WORK INSTRUCTIONS:
Gather all lines from the material that contain "cuboid".

RECORDS FOR THE EXERCISE:
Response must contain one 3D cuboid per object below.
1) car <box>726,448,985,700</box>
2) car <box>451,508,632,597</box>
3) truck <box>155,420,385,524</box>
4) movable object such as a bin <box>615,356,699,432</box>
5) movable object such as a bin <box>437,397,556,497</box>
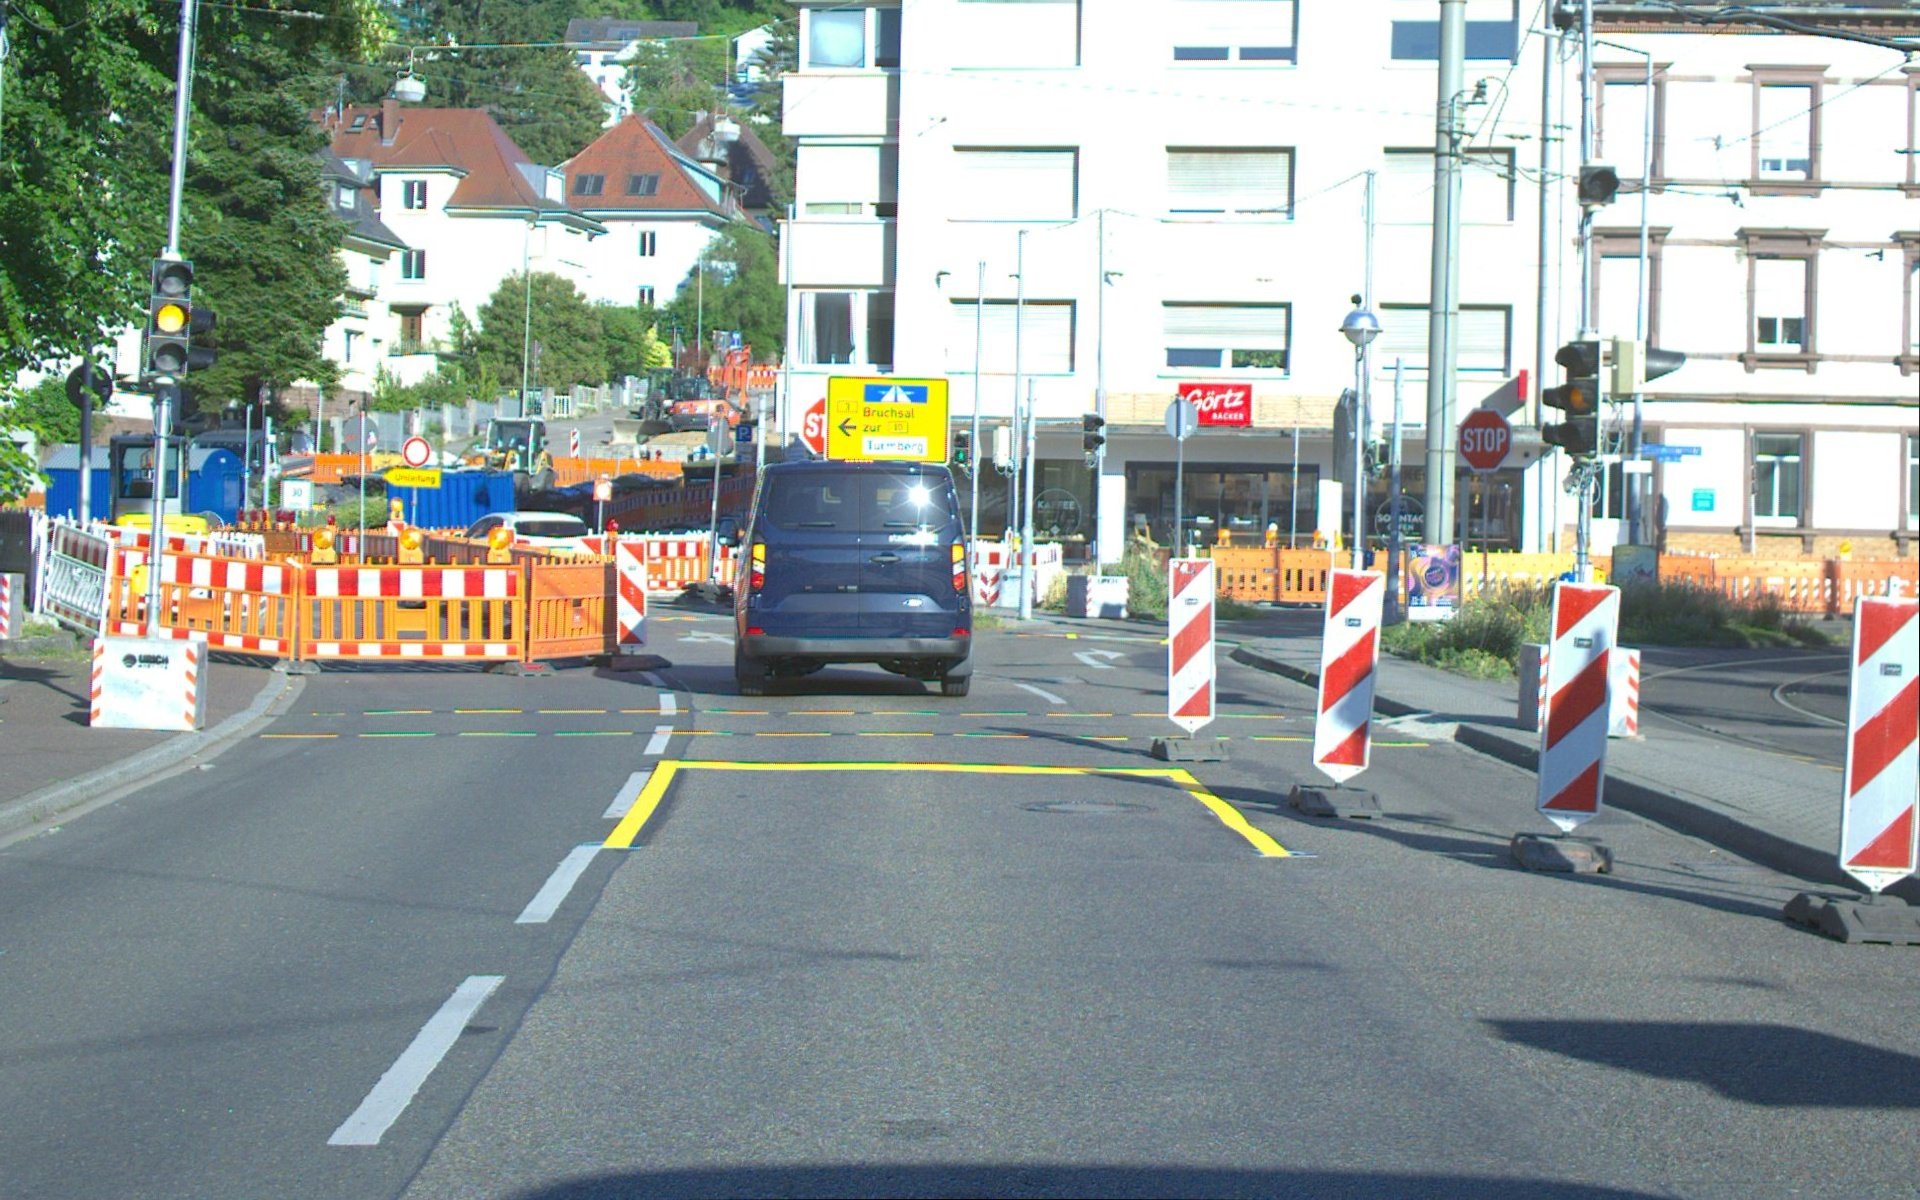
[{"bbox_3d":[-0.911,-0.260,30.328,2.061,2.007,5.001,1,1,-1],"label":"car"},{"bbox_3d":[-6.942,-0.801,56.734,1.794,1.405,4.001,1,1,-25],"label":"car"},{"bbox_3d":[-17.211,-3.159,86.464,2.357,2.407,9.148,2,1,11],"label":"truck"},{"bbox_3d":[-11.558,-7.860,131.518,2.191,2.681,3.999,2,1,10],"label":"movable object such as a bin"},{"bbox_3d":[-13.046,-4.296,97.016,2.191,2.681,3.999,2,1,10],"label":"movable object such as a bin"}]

* * *

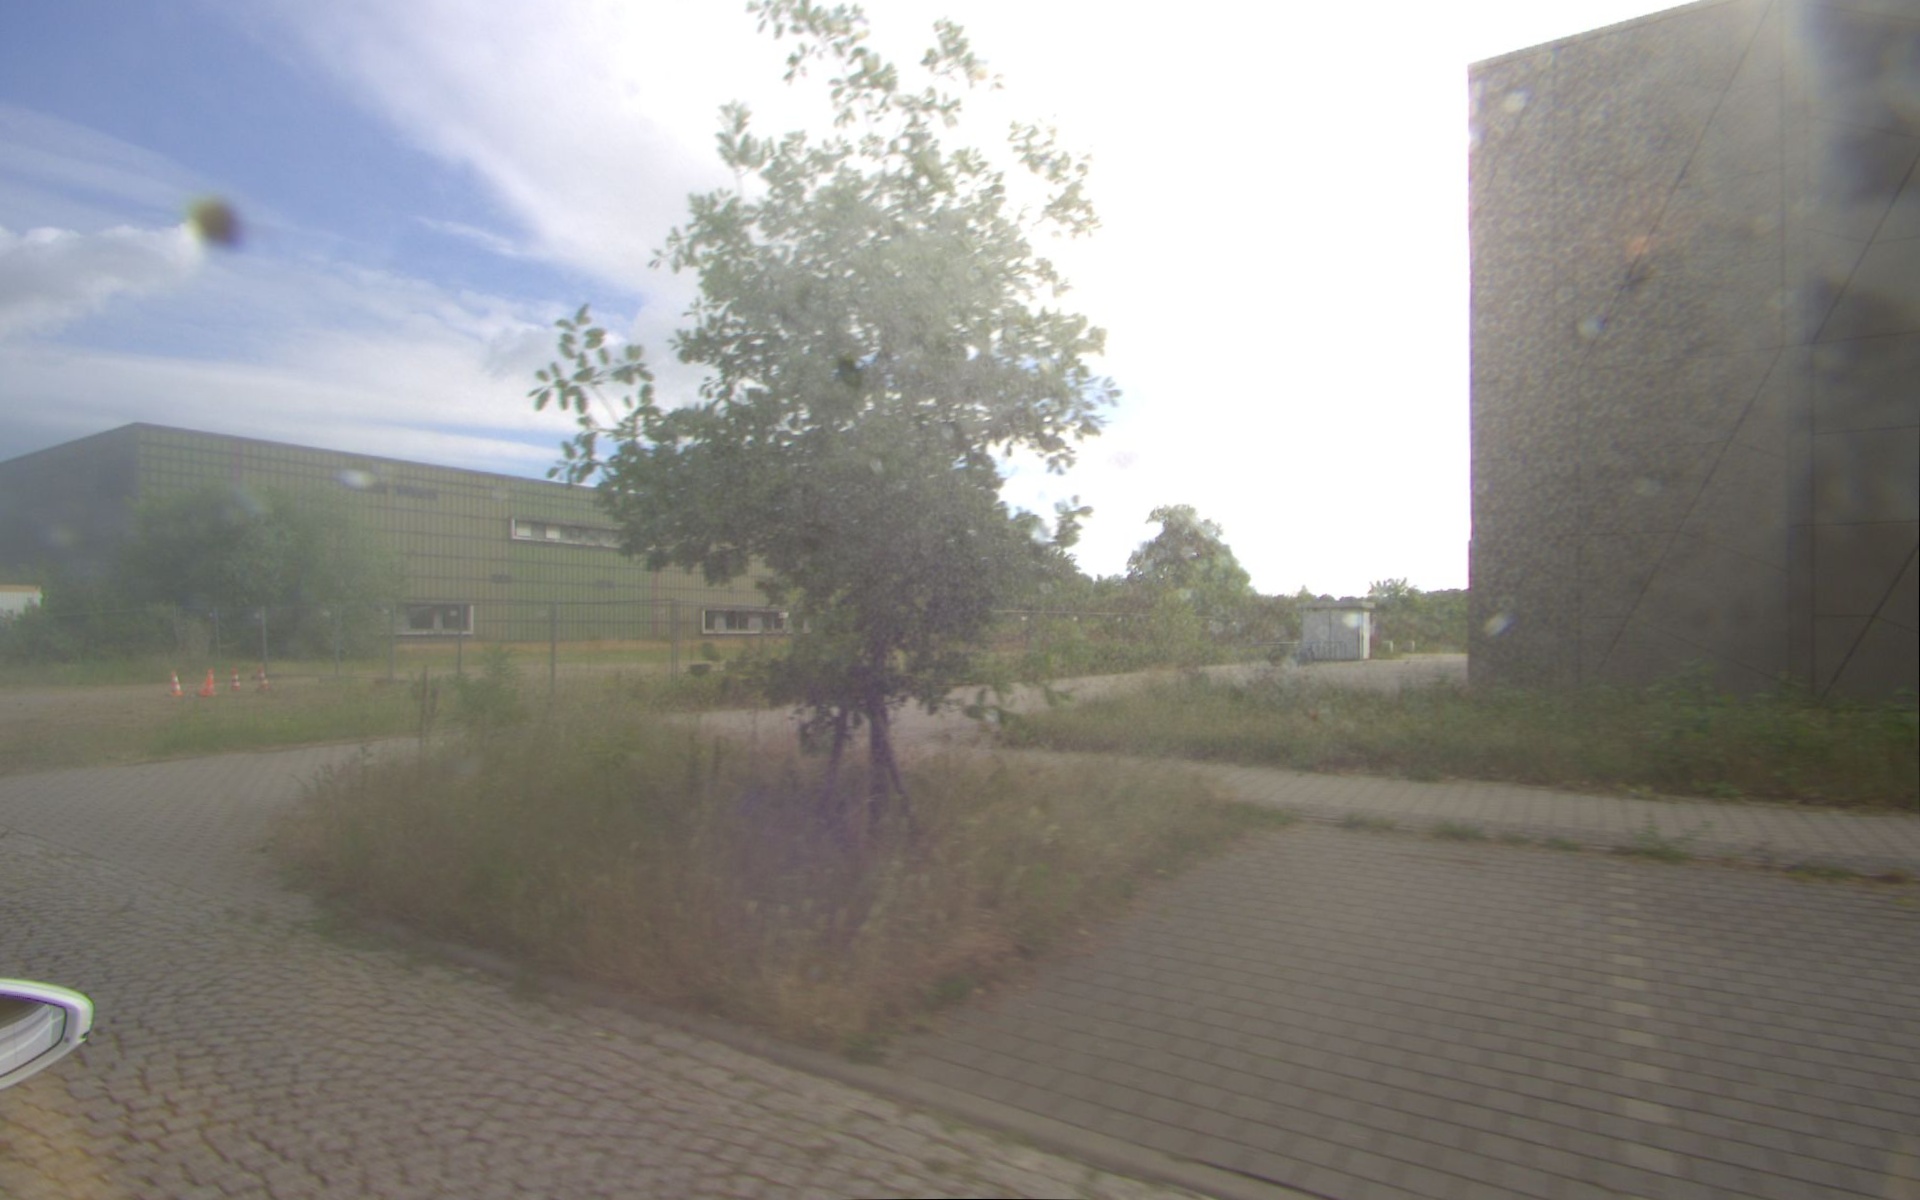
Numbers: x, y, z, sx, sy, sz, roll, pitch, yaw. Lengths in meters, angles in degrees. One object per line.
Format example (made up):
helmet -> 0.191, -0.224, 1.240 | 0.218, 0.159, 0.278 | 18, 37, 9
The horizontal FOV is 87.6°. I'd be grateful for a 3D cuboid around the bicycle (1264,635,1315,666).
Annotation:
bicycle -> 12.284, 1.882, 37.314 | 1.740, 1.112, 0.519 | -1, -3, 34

SOLUTION TO THIS PROBLEM:
Response must contain one 3D cuboid per object below.
The horizontal FOV is 87.6°. I'd be grateful for a 3D cuboid around the bicycle (1264,635,1315,666).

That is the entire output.